** Given data follows **

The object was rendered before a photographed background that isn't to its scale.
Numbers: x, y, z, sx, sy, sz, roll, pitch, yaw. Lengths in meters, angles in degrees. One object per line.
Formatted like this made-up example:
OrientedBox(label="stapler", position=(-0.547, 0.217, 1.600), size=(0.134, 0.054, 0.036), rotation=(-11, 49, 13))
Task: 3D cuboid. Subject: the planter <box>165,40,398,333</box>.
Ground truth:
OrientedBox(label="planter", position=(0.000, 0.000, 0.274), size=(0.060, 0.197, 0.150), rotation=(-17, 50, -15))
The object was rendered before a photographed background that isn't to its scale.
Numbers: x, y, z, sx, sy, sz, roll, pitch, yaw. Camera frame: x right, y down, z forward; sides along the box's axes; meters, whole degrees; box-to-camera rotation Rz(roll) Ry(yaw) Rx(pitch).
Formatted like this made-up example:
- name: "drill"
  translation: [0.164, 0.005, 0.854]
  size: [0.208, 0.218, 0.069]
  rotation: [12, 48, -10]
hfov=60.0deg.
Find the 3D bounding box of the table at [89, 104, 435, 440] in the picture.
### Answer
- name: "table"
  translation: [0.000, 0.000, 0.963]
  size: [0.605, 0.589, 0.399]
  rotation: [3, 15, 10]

** End of Given data **
** Given data follows **

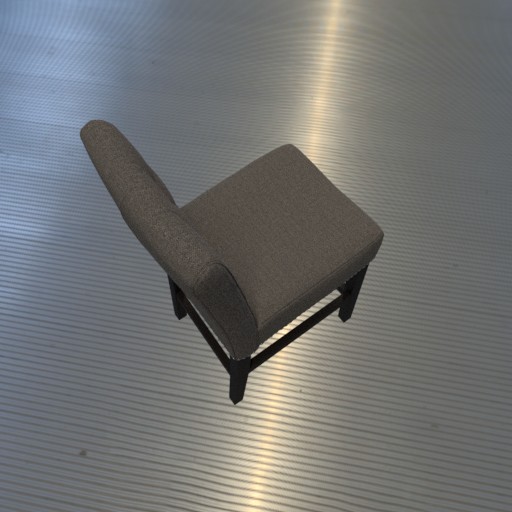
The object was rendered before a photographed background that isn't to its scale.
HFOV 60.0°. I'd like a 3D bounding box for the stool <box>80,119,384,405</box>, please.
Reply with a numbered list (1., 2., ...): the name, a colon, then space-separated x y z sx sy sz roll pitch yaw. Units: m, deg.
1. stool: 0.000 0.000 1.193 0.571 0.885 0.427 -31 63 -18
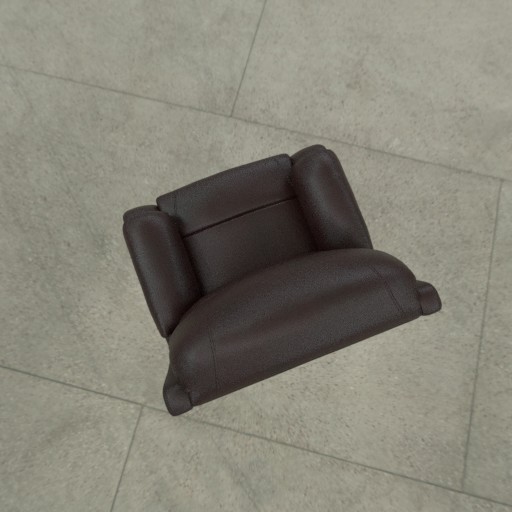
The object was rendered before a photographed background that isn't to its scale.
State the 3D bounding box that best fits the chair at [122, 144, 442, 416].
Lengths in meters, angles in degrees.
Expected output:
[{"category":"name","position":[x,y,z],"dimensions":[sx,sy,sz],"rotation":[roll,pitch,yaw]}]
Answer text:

** End of Given data **

For the listing above, give the number of lines that contain the string "Lengths" and nothing else.

Reply: 2